Schematic hypothetical representation of the time course for the accumulation of azotemic toxins in patients with both acute kidney injury and chronic kidney failure

The schematic illustrates that different ‘toxins’ play a role over time, and as such may require different clinical management strategies. HEMO, Hemodialysis; NCDS, National Cooperative Dialysis Study; RENAL, Randomised Evaluation of Normal versus Augmented Level of renal replacement therapy in ICU; VA/NIH, Veterans Affairs/National Institutes of Health.

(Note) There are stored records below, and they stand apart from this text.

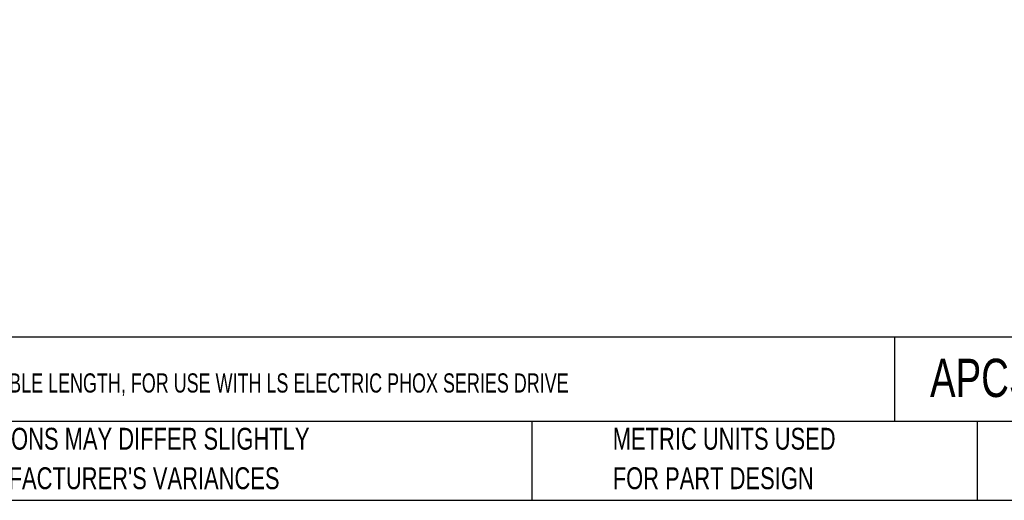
# Model space of a CAD drawing. Header units: inches. Extents: x 0 to 814, y 0 to 621.
# Tile 2 of 8: x 194 to 480, y 0 to 140. Entities that reach past the tile are written whole.
import ezdxf

# ---------------------------------------------------------------- set-up
doc = ezdxf.new("R2010")
doc.units = ezdxf.units.IN
doc.header["$LTSCALE"] = 10
doc.header["$MEASUREMENT"] = 0
doc.layers.add('TEXT', color=140, linetype='Continuous')
doc.styles.add('SLDTEXTSTYLE0', font='TXT', dxfattribs={"width": 0.75})

# ---------------------------------------------------------------- blocks, each defined once
blk = doc.blocks.new('SW_NOTE_0_3')
at = {"layer": 'TEXT', "color": 0, "char_height": 6.35, "attachment_point": 1, "style": 'SLDTEXTSTYLE0'}
for s, insert in [('PART DIMENSIONS MAY DIFFER SLIGHTLY', (0, 8.19)), ("DUE TO MANUFACTURER'S VARIANCES", (0, -3.28))]:
    blk.add_mtext(s, dxfattribs=dict(at, insert=insert))
blk = doc.blocks.new('SW_NOTE_0_6')
at = {"layer": 'TEXT', "color": 0, "char_height": 6.35, "attachment_point": 1, "style": 'SLDTEXTSTYLE0'}
for s, insert in [('METRIC UNITS USED', (0, 8.19)), ('FOR PART DESIGN', (0, -3.28))]:
    blk.add_mtext(s, dxfattribs=dict(at, insert=insert))

msp = doc.modelspace()

# ---------------------------------------------------------------- linework, layer by layer
at = {"layer": 'DEFPOINTS'}
msp.add_lwpolyline([(0, 0), (813.96, 0), (813.96, 621.17), (0, 621.17)], close=True, dxfattribs=at)
at = {"layer": 'TEXT'}
for p, q in [((800.1, 47.33), (0, 47.33)), ((448.23, 47.33), (448.23, 22.86)), ((800.1, 22.86), (0, 22.86)), ((342.89, 22.86), (342.89, 0)), ((472.29, 22.86), (472.29, 0)), ((0, 0), (800.1, 0))]:
    msp.add_line(p, q, dxfattribs=at)

# ---------------------------------------------------------------- block references
for name, p in [('SW_NOTE_0_3', (146.31, 12.86)), ('SW_NOTE_0_6', (366.39, 12.86))]:
    msp.add_blockref(name, p, dxfattribs=at)

# ---------------------------------------------------------------- texts
at = {"layer": 'TEXT', "attachment_point": 1, "style": 'SLDTEXTSTYLE0'}
for s, insert, char_height in [('APCS-PF20LS-AD', (458.57, 41.1), 11.1125), ('{\\W0.7;LS ELECTRIC POWER FLEX CABLE, MATING CONNECTORS, 65.6ft/20m CABLE LENGTH, FOR USE WITH LS ELECTRIC PHOX SERIES DRIVE}', (5.31, 36.85), 5.57052)]:
    msp.add_mtext(s, dxfattribs=dict(at, insert=insert, char_height=char_height))

doc.saveas('drawing.dxf')

Although the delivery of higher doses of haemofiltration or more frequent haemodialysis did not improve overall outcome, higher volume CRRT exchange cycles and more frequent haemodialysis treatments will help correct acidosis, and may be appropriate during the initial resuscitation phase of AKI. Correction of volume overload may help explain the positive findings and improved clinical outcomes reported from some of the earlier trials of increased dose of renal support [9], compared to the more recent VA/NIH and RENAL studies, which had similar fluid balance targets.